School Planning

The School Planning Department oversees the planning and design process for new District schools. The department monitors development approval and the pace of new residential construction, to ensure that educational impacts are properly mitigated. The responsibilities of the department include:
  • Prepare five-year work plan
  • Prepare district five-year survey
  • Site analysis for new construction
  • Florida Inventory of School House (FISH) annual validations
  • Coordinate concurrency with local governments and developers

School Concurrency Planning
School Concurrency is the coordinated planning for future growth to ensure that school capacity is available at the time of impact of residential development. Flagler County has seen significant residential growth over the past several years and with it increased enrollment. This growth is expected to continue in the future, and it is imperative that we plan for it now.

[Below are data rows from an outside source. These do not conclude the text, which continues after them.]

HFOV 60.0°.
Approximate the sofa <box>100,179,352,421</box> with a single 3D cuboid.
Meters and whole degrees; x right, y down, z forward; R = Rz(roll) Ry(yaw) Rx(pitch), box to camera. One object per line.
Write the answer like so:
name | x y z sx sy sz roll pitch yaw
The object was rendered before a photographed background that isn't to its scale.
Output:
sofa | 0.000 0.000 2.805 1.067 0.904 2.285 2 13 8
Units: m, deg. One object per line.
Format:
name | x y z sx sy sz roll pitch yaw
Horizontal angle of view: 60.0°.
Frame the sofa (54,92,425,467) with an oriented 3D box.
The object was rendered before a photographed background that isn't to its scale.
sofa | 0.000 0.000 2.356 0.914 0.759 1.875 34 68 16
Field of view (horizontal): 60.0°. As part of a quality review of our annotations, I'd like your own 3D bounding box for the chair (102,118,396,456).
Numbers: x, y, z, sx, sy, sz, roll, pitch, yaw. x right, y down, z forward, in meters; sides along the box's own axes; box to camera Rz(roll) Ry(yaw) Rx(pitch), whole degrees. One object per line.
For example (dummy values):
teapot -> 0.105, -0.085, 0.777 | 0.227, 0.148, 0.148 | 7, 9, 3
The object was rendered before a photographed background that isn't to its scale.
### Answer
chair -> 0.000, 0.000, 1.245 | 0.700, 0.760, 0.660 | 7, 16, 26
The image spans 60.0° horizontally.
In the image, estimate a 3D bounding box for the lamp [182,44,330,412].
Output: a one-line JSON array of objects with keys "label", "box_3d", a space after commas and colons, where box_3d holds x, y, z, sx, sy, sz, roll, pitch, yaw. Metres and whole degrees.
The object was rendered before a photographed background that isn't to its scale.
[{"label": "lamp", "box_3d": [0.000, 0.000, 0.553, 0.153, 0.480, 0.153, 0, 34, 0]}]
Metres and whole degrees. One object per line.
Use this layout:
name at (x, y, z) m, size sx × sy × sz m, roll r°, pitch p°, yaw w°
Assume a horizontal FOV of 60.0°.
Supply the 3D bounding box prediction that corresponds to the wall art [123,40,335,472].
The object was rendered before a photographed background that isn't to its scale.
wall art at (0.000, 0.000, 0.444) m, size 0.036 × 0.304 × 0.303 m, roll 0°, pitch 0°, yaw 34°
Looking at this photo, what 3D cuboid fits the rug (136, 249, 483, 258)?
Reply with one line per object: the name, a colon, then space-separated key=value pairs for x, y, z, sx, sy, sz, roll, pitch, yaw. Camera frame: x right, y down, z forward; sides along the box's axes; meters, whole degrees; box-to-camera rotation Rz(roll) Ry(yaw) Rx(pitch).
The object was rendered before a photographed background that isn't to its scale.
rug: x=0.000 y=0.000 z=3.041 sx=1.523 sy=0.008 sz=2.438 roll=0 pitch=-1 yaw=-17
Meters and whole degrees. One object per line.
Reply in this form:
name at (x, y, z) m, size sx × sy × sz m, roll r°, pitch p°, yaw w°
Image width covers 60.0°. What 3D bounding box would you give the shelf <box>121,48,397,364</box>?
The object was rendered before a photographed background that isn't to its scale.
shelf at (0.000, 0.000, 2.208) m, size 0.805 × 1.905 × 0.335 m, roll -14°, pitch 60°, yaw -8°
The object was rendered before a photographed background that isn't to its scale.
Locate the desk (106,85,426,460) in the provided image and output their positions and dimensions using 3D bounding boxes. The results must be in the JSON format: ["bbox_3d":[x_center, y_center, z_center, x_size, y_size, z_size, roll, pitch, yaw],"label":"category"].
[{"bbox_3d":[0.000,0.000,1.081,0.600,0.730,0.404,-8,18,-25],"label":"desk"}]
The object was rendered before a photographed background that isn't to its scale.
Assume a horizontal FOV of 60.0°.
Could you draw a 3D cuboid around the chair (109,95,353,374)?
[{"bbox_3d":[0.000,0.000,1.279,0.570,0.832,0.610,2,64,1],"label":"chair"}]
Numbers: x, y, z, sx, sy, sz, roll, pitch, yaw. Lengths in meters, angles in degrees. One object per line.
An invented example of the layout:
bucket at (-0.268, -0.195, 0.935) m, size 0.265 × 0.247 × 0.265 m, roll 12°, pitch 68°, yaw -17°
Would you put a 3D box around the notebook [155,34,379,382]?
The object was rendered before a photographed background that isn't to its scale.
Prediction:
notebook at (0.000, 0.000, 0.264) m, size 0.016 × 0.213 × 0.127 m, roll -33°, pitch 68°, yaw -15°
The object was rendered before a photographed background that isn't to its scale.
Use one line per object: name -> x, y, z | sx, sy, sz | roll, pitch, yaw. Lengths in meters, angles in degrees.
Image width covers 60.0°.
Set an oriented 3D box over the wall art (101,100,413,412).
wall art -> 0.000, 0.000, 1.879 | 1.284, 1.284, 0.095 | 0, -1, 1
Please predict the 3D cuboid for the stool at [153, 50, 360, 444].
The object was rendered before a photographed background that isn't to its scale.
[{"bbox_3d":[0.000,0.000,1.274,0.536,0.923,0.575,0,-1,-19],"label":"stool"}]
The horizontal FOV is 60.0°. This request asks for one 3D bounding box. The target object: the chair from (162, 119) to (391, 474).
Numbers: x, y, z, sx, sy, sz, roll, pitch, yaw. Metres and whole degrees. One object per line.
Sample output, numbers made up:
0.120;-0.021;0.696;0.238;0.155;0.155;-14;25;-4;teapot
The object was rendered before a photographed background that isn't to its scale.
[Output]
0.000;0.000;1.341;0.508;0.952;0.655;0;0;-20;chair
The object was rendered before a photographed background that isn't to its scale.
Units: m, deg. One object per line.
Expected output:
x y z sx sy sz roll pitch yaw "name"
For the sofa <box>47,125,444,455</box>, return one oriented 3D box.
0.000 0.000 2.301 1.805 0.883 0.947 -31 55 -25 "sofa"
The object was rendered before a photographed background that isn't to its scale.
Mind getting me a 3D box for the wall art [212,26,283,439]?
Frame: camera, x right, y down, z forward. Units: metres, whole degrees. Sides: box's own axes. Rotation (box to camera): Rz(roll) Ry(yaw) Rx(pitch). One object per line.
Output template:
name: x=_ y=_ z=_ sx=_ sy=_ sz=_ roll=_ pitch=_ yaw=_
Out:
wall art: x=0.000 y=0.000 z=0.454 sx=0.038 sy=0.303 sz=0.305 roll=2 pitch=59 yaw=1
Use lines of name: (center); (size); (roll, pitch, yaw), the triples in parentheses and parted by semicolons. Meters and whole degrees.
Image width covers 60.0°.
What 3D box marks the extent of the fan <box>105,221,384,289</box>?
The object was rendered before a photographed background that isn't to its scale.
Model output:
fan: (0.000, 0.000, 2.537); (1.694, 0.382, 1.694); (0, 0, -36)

Flagler County Residential Growth
  • Approximately 600 new students countywide since 2018
  • Approximately 187 new students in Flagler Schools during the 2021–2022 school year
  • Approximately 8,400 new homes planned for Flagler County, with reserved space for approximately 1,500 students
  • Approximately 4,500 new homes in the early planning process, resulting in approximately 800 additional students
  • Approximately 150 lots for new homes are permitted each month in Palm Coast
ITT Lot Development

New Development Concurrency Reservations


 
To plan for future growth, Flagler Schools is preparing for District Rezoning. There have been several plans presented to our School Board and the public. The proposed plan will help us even out populations at our two middle and high schools.
 Current School Zones    Proposed School Zones

Our current Five-Year Work Plan contains plans for an addition at Matanzas High School, construction of a new middle school, and construction of a new high school. The preliminary cost for these three projects is $178 million.

Addition to Matanzas High School
 $17,500,000
New Middle School  $68,000,000
New High School   $92,500,000

Funding Sources
If we are to build new schools or add to existing ones, school districts are limited as to how they can pay for this. There used to be eight separate funding sources for such projects, but since 2004, five of those sources are no longer available. These were used when we last saw such growth and accounted for almost half of the funding sources at the time. Additionally, unlike other local governments, school districts cannot set their own property tax rates. That is done by the state legislature. Other than taking out loans or bonds, our primary source of money to build a new school is through School Impact Fees.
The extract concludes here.